Decreased APN levels are reported in obesity, IR and type 2 diabetes6 whereas increase or overexpression of APN increases the glucose uptake in the cultured skeletal muscles cells. APN stimulates AMPK activation which in turn increases glucose uptake in muscles and decreases gluconeogenesis in liver5. To further confirm the mechanism, APN mRNA was targeted by siRNA. AMPK activity and glucose uptake were measured in the presence of amino acid with and without siRNA. Amino acid increased the AMPK activity and glucose uptake, but this amino acid-induced increase was affected by the transient knockdown of APN. Meng et al26 reported that when 3T3 L1 cells were infected with APN siRNA expression vectors, glucose transport was decreased to a great extent.

Our study had certain limitations. Even though amino acids are general nutrients, metabolomic studies have revealed a positive correlation of branched-chain amino acids and phenylalanine2728 in the incidence of T2DM. This could be considered as a major concern for therapeutic usage of amino acids; however, metabolomics data analysis was mostly of observational studies which explain only association; in vivo experiments should be done to confirm the therapeutic potential of these amino acids.

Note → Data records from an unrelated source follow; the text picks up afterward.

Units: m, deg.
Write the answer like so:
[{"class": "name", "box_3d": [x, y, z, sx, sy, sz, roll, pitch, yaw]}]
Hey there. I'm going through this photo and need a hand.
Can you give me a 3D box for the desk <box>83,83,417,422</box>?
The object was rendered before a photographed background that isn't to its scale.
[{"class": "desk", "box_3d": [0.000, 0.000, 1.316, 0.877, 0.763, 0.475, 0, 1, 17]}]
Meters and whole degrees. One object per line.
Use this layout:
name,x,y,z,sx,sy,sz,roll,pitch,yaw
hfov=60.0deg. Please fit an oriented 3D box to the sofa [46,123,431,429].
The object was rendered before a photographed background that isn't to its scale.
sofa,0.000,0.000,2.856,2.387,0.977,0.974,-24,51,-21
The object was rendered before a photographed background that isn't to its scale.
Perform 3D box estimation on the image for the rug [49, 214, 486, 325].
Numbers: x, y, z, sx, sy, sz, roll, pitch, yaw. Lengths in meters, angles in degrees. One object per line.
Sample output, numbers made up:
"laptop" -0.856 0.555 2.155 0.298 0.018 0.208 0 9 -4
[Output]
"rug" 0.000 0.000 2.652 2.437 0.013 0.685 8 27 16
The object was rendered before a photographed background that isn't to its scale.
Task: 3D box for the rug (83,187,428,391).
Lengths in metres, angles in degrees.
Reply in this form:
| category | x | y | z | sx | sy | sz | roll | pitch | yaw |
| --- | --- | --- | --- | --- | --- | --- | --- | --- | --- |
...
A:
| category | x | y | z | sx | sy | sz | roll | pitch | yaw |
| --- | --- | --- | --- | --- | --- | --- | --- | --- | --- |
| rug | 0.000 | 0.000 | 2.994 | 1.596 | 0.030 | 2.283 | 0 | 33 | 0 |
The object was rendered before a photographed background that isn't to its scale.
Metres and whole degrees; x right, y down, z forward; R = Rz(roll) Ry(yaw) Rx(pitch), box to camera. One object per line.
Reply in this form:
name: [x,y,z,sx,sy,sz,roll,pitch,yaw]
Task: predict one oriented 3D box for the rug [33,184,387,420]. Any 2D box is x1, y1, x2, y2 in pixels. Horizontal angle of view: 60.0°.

In conclusion, the present study showed that amino acid increased APN an insulin-sensitizing hormone and thereby increases AMPK and glucose uptake. These free amino acids should be tested in vivo for their ability to increase APN and their antidiabetic effect. Amino acids can have a therapeutic intervention in IR and T2DM by improving APN levels as seen in cultured adipocyte cells.